Die liebe UNO und der böse Vatikan

Jetzt kommt ein Machtwort von den Vereinten Nationen – und die gesamte deutsche Presse folgt mit reißerischen Überschriften:

UN wirft Vatikan Verletzung von Kinderrechten vor (Rheinische Post)

Vatikan soll tausende pädophile Priester entlassen (N24)

UN-Ausschuss wirft Vatikan Verletzung der Kinderrechtskonvention vor (Neues Deutschland)

UN werfen Vatikan Vertuschung von Kindesmissbrauch vor (Reuters).

Die geifernden Kommentare dazu erspare ich dem Leser. Das Problem mit der behäbigen UNO ist auch in diesem Fall, daß sie (wie bei den meisten kriegerischen Konflikten auch) viel zu spät kommt.

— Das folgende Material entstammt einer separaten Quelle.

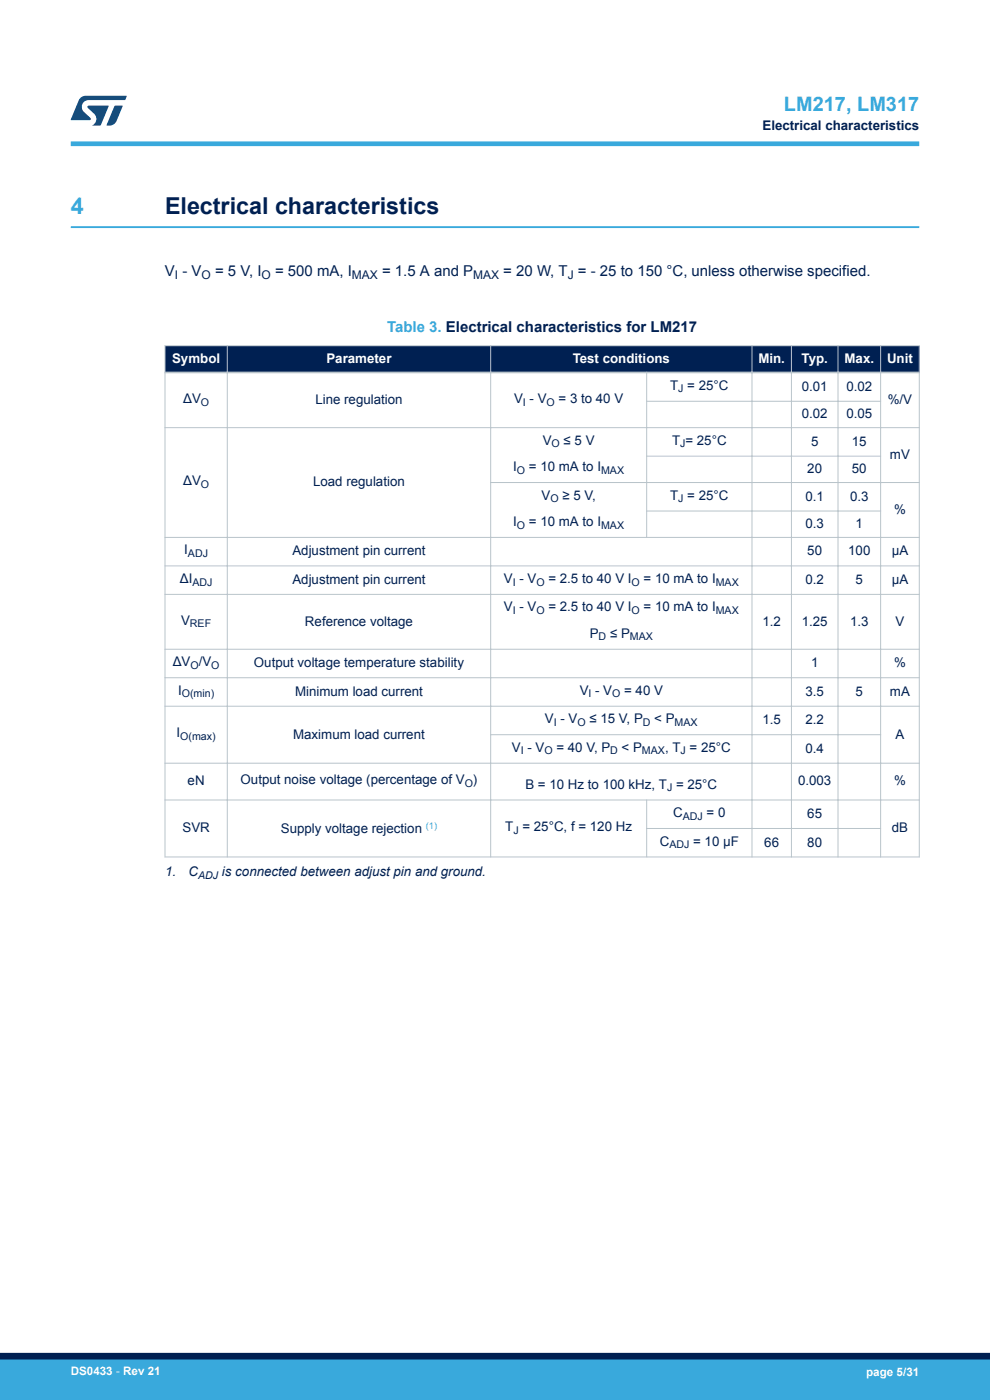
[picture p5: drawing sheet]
<svg xmlns="http://www.w3.org/2000/svg" width="210mm" height="297mm" viewBox="0 0 210 297" stroke-linecap="round" stroke-linejoin="round" font-family="sans-serif">
<defs><g id="words">
<text font-size="4.9" fill="#39a9dc" x="15" y="45.4">4</text>
<text font-size="4.9" fill="#002052" x="35" y="45.4">Electrical characteristics</text>
<text font-size="4.2" fill="#39a9dc" x="166.3" y="23.5">LM217, LM317</text>
<g font-size="3.2" fill="#002052">
<text x="35" y="58.6">V - V</text>
<text x="45.6" y="58.6">= 5 V, I</text>
<text x="58.3" y="58.6">= 500 mA, I</text>
<text x="81" y="58.6">= 1.5 A and P</text>
<text x="106.8" y="58.6">= 20 W, T = - 25 to 150 °C, unless otherwise specified.</text>
</g>
<text font-size="3.2" fill="#39a9dc" x="82.1" y="70.4">Table 3. Electrical characteristics for LM217</text>
<g font-size="2.8" fill="#002052">
<text x="161.7" y="27.5">Electrical characteristics</text>
<text x="142.2" y="82.7">T = 25°C</text>
<text x="170.1" y="82.9">0.01</text>
<text x="179.5" y="82.9">0.02</text>
<text x="38.8" y="85.5">ΔV</text>
<text x="66.9" y="85.7">Line regulation</text>
<text x="109" y="85.5">V - V</text>
<text x="118.5" y="85.5">= 3 to 40 V</text>
<text x="170.1" y="88.7">0.02</text>
<text x="179.5" y="88.7">0.05</text>
<text x="188.3" y="85.7">%/V</text>
<text x="115.1" y="94.3">V</text>
<text x="119.6" y="94.3">≤ 5 V</text>
<text x="142.5" y="94.3">T = 25°C</text>
<text x="172" y="94.6">5</text>
<text x="180.7" y="94.6">15</text>
<text x="108.9" y="99.9">I</text>
<text x="112.2" y="99.9">= 10 mA to I</text>
<text x="171.3" y="100.4">20</text>
<text x="180.7" y="100.4">50</text>
<text x="188.8" y="97.4">mV</text>
<text x="38.8" y="103">ΔV</text>
<text x="66.4" y="103.2">Load regulation</text>
<text x="114.9" y="106">V</text>
<text x="119.3" y="106">≥ 5 V,</text>
<text x="142.2" y="106">T = 25°C</text>
<text x="170.9" y="106.2">0.1</text>
<text x="180.3" y="106.2">0.3</text>
<text x="108.9" y="111.6">I</text>
<text x="112.2" y="111.6">= 10 mA to I</text>
<text x="170.9" y="112">0.3</text>
<text x="181.5" y="112">1</text>
<text x="189.6" y="109">%</text>
<text x="39.1" y="117.6">I</text>
<text x="62" y="117.8">Adjustment pin current</text>
<text x="171.2" y="117.8">50</text>
<text x="179.9" y="117.8">100</text>
<text x="189.1" y="117.8">µA</text>
<text x="38.1" y="123.7">ΔI</text>
<text x="62" y="123.9">Adjustment pin current</text>
<text x="106.9" y="123.7">V - V</text>
<text x="116.3" y="123.7">= 2.5 to 40 V I</text>
<text x="136.5" y="123.7">= 10 mA to I</text>
<text x="170.9" y="123.9">0.2</text>
<text x="181.5" y="123.9">5</text>
<text x="189.1" y="123.9">µA</text>
<text x="106.9" y="129.7">V - V</text>
<text x="116.3" y="129.7">= 2.5 to 40 V I</text>
<text x="136.5" y="129.7">= 10 mA to I</text>
<text x="38.4" y="132.5">V</text>
<text x="64.7" y="132.7">Reference voltage</text>
<text x="125.1" y="135.3">P</text>
<text x="129.4" y="135.3">≤ P</text>
<text x="161.7" y="132.7">1.2</text>
<text x="170.1" y="132.7">1.25</text>
<text x="180.3" y="132.7">1.3</text>
<text x="190" y="132.7">V</text>
<text x="36.6" y="141.3">ΔV /V</text>
<text x="53.9" y="141.6">Output voltage temperature stability</text>
<text x="172" y="141.6">1</text>
<text x="189.6" y="141.6">%</text>
<text x="37.8" y="147.4">I</text>
<text x="62.6" y="147.6">Minimum load current</text>
<text x="123" y="147.4">V - V</text>
<text x="132.4" y="147.4">= 40 V</text>
<text x="170.9" y="147.6">3.5</text>
<text x="181.5" y="147.6">5</text>
<text x="188.8" y="147.6">mA</text>
<text x="115.6" y="153.4">V - V</text>
<text x="125" y="153.4">≤ 15 V, P</text>
<text x="138.8" y="153.4">&lt; P</text>
<text x="161.7" y="153.7">1.5</text>
<text x="170.9" y="153.7">2.2</text>
<text x="37.5" y="156.5">I</text>
<text x="62.2" y="156.7">Maximum load current</text>
<text x="108.6" y="159.5">V - V</text>
<text x="118" y="159.5">= 40 V, P</text>
<text x="131.9" y="159.5">&lt; P</text>
<text x="141.1" y="159.5">, T = 25°C</text>
<text x="170.9" y="159.7">0.4</text>
<text x="190" y="156.7">A</text>
<text x="39.8" y="166.6">eN</text>
<text x="51" y="166.4">Output noise voltage (percentage of V )</text>
<text x="111.5" y="167.3">B = 10 Hz to 100 kHz, T = 25°C</text>
<text x="169.3" y="166.6">0.003</text>
<text x="189.6" y="166.6">%</text>
<text x="142.8" y="173.3">C</text>
<text x="149.9" y="173.3">= 0</text>
<text x="171.3" y="173.5">65</text>
<text x="38.7" y="176.6">SVR</text>
<text x="59.6" y="176.7">Supply voltage rejection</text>
<text x="107.2" y="176.3">T = 25°C, f = 120 Hz</text>
<text x="139.9" y="179.4">C</text>
<text x="147" y="179.4">= 10 µF</text>
<text x="162.1" y="179.6">66</text>
<text x="171.3" y="179.6">80</text>
<text x="189.2" y="176.6">dB</text>
<text x="35" y="185.8">1.</text>
<text x="40" y="185.8">C</text>
<text x="47.1" y="185.8">is connected between adjust pin and ground.</text>
</g>
<g font-size="2.8" fill="#fff">
<text x="36.5" y="77">Symbol</text>
<text x="69.2" y="77">Parameter</text>
<text x="121.5" y="77">Test conditions</text>
<text x="160.9" y="77">Min.</text>
<text x="170" y="77">Typ.</text>
<text x="179.1" y="77">Max.</text>
<text x="188.2" y="77">Unit</text>
</g>
<g font-size="2.5" fill="#002052">
<text x="37.1" y="59.2">I</text>
<text x="42.8" y="59.2">O</text>
<text x="55.5" y="59.2">O</text>
<text x="74.7" y="59.2">MAX</text>
<text x="100.4" y="59.2">MAX</text>
<text x="120.4" y="59.2">J</text>
</g>
<g font-size="2.5" fill="#fff">
<text x="15" y="291.6">DS0433 - Rev 21</text>
<text x="183.7" y="291.9">page 5/31</text>
</g>
<g font-size="2.3" fill="#002052">
<text x="143.9" y="83.3">J</text>
<text x="42.6" y="86.1">O</text>
<text x="110.9" y="86.1">I</text>
<text x="115.9" y="86.1">O</text>
<text x="117" y="94.9">O</text>
<text x="144.3" y="94.9">J</text>
<text x="109.7" y="100.5">O</text>
<text x="127.5" y="100.5">MAX</text>
<text x="42.6" y="103.5">O</text>
<text x="116.8" y="106.5">O</text>
<text x="143.9" y="106.5">J</text>
<text x="109.7" y="112.1">O</text>
<text x="127.5" y="112.1">MAX</text>
<text x="39.9" y="118.2">ADJ</text>
<text x="40.8" y="124.2">ADJ</text>
<text x="108.8" y="124.2">I</text>
<text x="113.8" y="124.2">O</text>
<text x="134" y="124.2">O</text>
<text x="151.8" y="124.2">MAX</text>
<text x="108.8" y="130.3">I</text>
<text x="113.8" y="130.3">O</text>
<text x="134" y="130.3">O</text>
<text x="151.8" y="130.3">MAX</text>
<text x="40.3" y="133.1">REF</text>
<text x="127" y="135.9">D</text>
<text x="133.6" y="135.9">MAX</text>
<text x="40.4" y="141.9">O</text>
<text x="44.8" y="141.9">O</text>
<text x="38.6" y="148">O(min)</text>
<text x="124.8" y="148">I</text>
<text x="129.9" y="148">O</text>
<text x="117.5" y="154">I</text>
<text x="122.5" y="154">O</text>
<text x="136.4" y="154">D</text>
<text x="143.1" y="154">MAX</text>
<text x="38.2" y="157">O(max)</text>
<text x="110.5" y="160">I</text>
<text x="115.5" y="160">O</text>
<text x="129.5" y="160">D</text>
<text x="136.2" y="160">MAX</text>
<text x="144.4" y="160">J</text>
<text x="98.6" y="167">O</text>
<text x="141.5" y="167.8">J</text>
<text x="144.8" y="173.9">ADJ</text>
<text x="108.9" y="176.9">J</text>
<text x="142" y="179.9">ADJ</text>
<text x="42" y="186.4">ADJ</text>
</g>
<text font-size="2" fill="#39a9dc" x="90.3" y="175.8">(1)</text>
</g></defs>
<path d="M15 48.2h180" fill="none" stroke="#39a9dc" stroke-width=".4"/>
<g fill="#002052">
<path d="M35 73.3h160v5.7h-160z" fill-rule="evenodd"/>
<path d="M35 73.3h160v5.7h-160z" fill-rule="evenodd"/>
</g>
<g fill="none" stroke="#b9c4ca" stroke-width=".21">
<path d="M34.9 73.3h160.2M35 73.2v108.7M48.2 73.2v108.7M104.1 73.2v108.7M137.2 78.8v35.3M159.5 73.2v108.7M167.9 73.2v108.7M177.8 73.2v108.7M186.8 73.2v108.7M195 73.2v108.7M34.9 90.7h160.2M137.1 85.1h49.8"/>
<path d="M137.1 96.8h49.8M104 102.4h91.1M137.1 108.4h49.8M195.1 114h-160.2M34.9 120.1h160.2M34.9 126.1h160.2M34.9 137.7h160.2M34.9 143.8h160.2M34.9 149.8h160.2M104 155.9h82.9M34.9 161.9h160.2M34.9 169.7h160.2"/>
<path d="M137.1 175.8h49.8M137.2 169.6v12.3M34.9 181.8h160.2"/>
</g>
<path d="M34.9 79h160.2" fill="none" stroke="#b9c4ca" stroke-width=".35"/>
<path d="M15 30.5h180" fill="none" stroke="#39a9dc" stroke-width="1"/>
<g fill="#005288">
<path d="M17.1 20.7l1.1-.4 8.7 .1-.4 .8h-7.6a1.45 1.45 0 0 0-1.4 .9 1.45 1.45 0 0 0 .2 1.6l1.5 1.3v.4l-4.2 .1 1.7-4.2z"/>
<path d="M24.3 22.4l1.7 .1-1.3 3.2a1.6 1.6 0 0 1-1.5 .9l-.6-.1z"/>
<path d="M18.6 22.5h4.5l-1.8 4.1h-1.7a1.54 1.54 0 0 0 .4-2.4l-1.4-1.3z"/>
</g>
<g fill="#39a9dc">
<path d="M0 288.4h210v8.6h-210z" fill-rule="evenodd"/>
<path d="M-.1 288.4h210.2v4.4h-210.2z" fill-rule="evenodd"/>
</g>
<path d="M0 287.7h210" fill="none" stroke="#002052" stroke-width="1.4"/>
<use href="#words"/>
</svg>

Kindesmißbrauch ist nun wirklich keine Spezialität der katholischen Kirche, die Fälle in der Familie, in Sportvereinen usw. sind viel zahlreicher. Eines freilich stimmt: in der Kirche sind sie ganz besonders verwerflich. Aber was die UNO jetzt als Forderung mit Posaunentönen verbreiten läßt, ist schon unter Benedikt zu einem guten Teil verwirklicht und unter Franziskus fortgeführt worden.

Insofern beschreibt dieser UNO-Ausschuß „Für die Rechte des Kindes“ (Committee on the Rights of the Child), der nur dreimal im Jahr in Genf zusammentritt, einen Zustand, der mindestens zehn Jahre zurückliegt. Daß dieser Ausschuß den Vatikan gleichzeitig auffordert, seine Haltung zur Homosexualität zu ändern (was hat das mit den „Rechten des Kindes“ zu tun?), legt den Verdacht nahe, daß hier wieder einmal nur Ressentiments geschürt werden sollen.

Auf der Seite des Komitees (hier zu finden), auf der auch die 18 Mitglieder namentlich aufgezählt werden, läßt sich zum Beispiel feststellen, daß fünf von ihnen aus muslimischen Staaten (u.a. aus Saudi-Arabien) kommen, eines aus Rußland, und zwei weitere aus afrikanischen Ländern, in denen homosexuelle Handlungen streng bestraft werden.

Welches Recht gerade sie haben, der katholischen Kirche einen falschen Umgang mit Homosexualität vorzuwerfen, muß einmal gefragt werden.

Hier haben wir es, so scheint mir, mit einem Abgrund von Heuchelei zu tun.